(Extracted entries)
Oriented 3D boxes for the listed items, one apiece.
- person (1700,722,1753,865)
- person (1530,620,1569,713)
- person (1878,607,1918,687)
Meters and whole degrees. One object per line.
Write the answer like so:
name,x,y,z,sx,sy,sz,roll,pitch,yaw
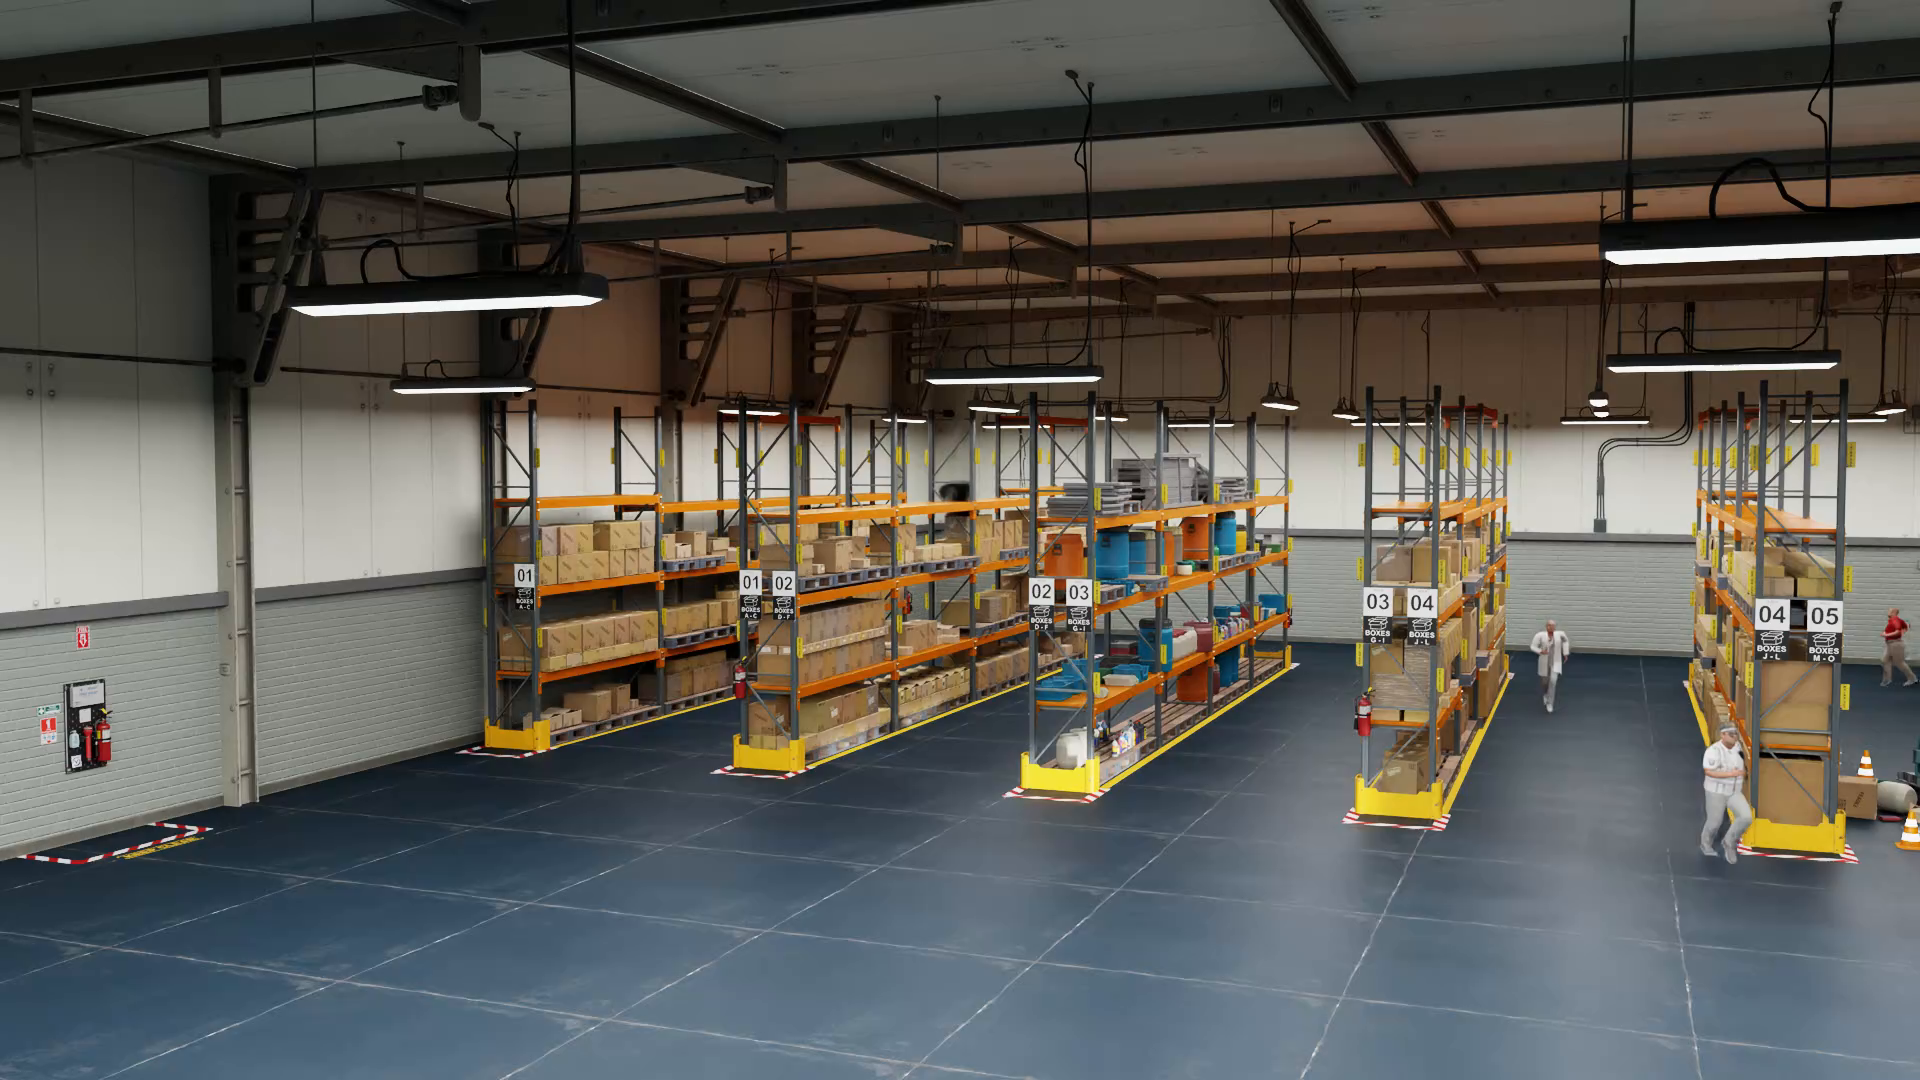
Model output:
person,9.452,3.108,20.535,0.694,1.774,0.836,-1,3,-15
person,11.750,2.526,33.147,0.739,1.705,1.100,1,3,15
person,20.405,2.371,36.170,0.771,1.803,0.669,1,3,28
(End Extracted entries)
(Extracted entries)
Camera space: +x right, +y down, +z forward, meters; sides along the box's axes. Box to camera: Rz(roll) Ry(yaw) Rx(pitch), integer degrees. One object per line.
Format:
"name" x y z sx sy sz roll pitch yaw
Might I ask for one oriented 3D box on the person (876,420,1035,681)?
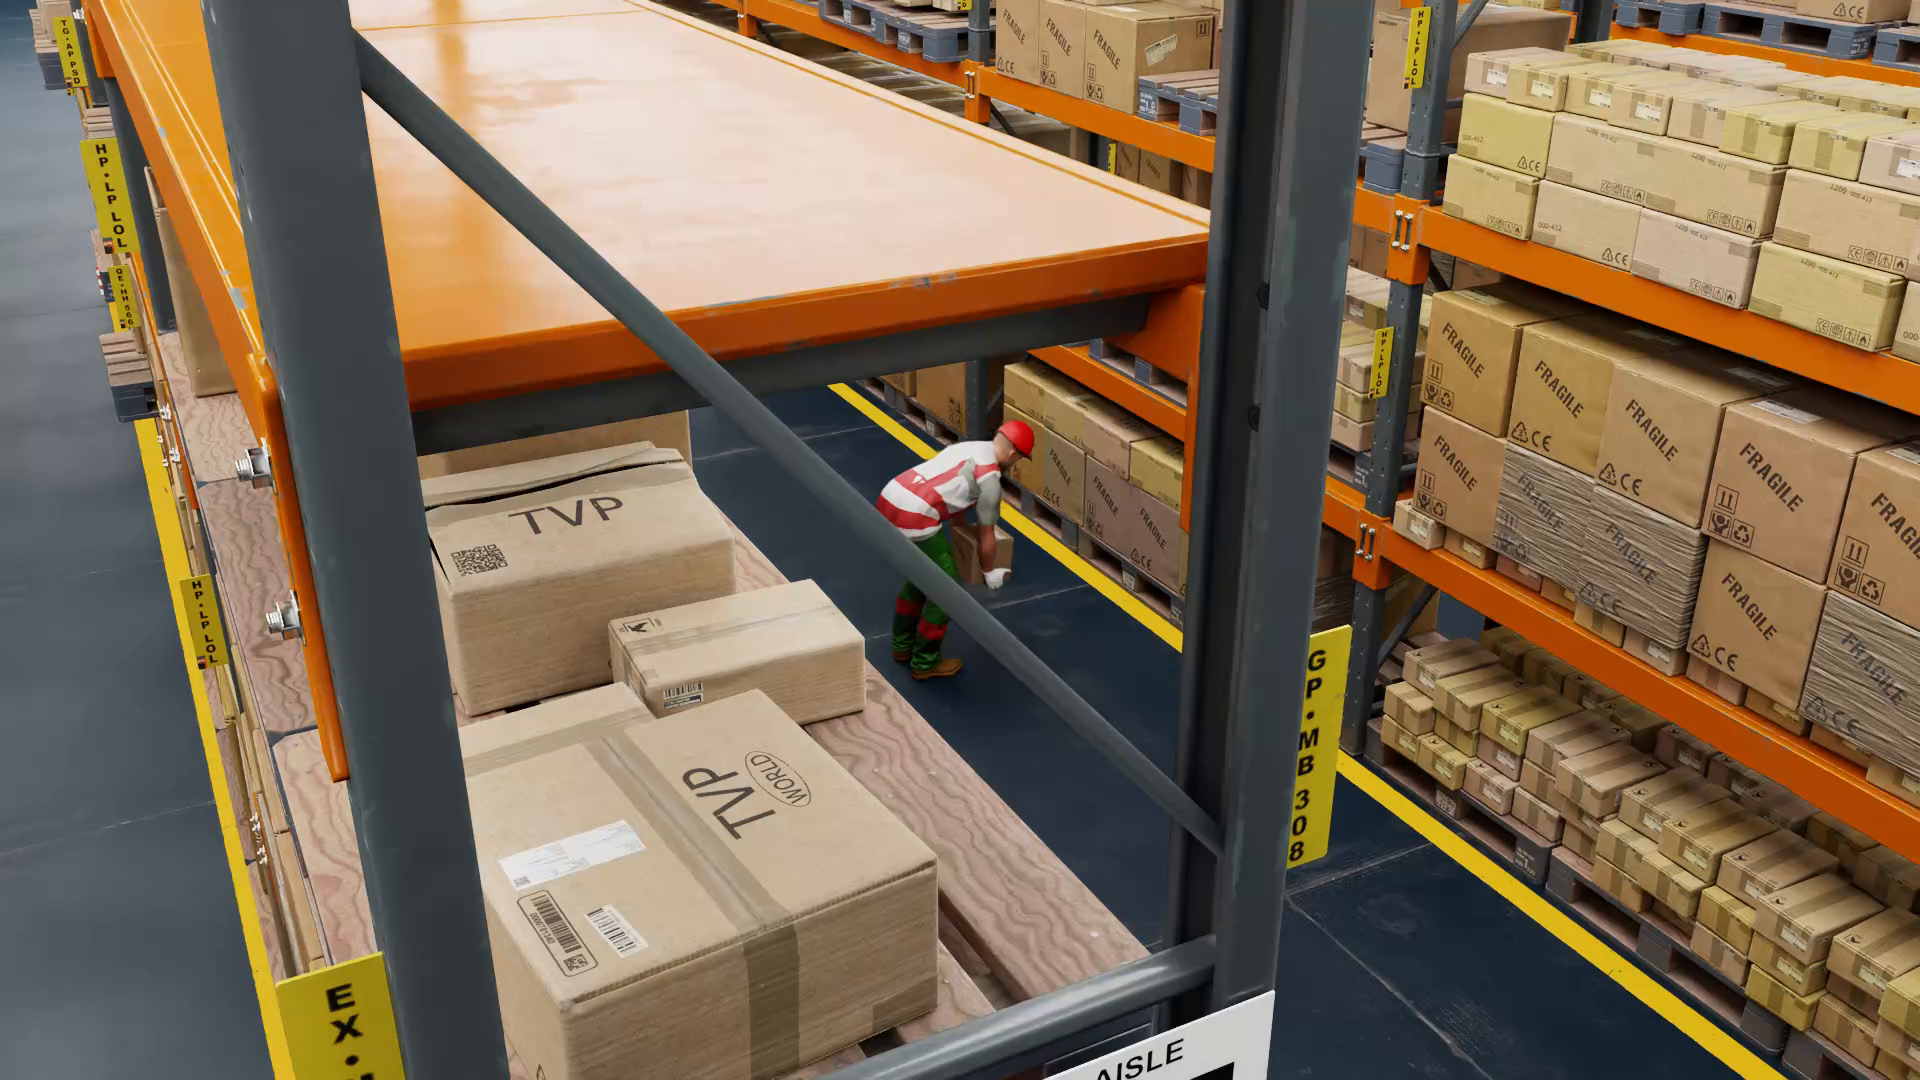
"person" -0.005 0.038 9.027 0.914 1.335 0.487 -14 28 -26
(End Extracted entries)
● **Problem requirements**
Every line in the entries above that has the word "roll" should be identified and copied.

● **Result of this exercise**
name,x,y,z,sx,sy,sz,roll,pitch,yaw
Camera space: +x right, +y down, +z forward, meters; sides along the box's axes. Box to camera: Rz(roll) Ry(yaw) Rx(pitch), integer degrees. One object per line.
"name" x y z sx sy sz roll pitch yaw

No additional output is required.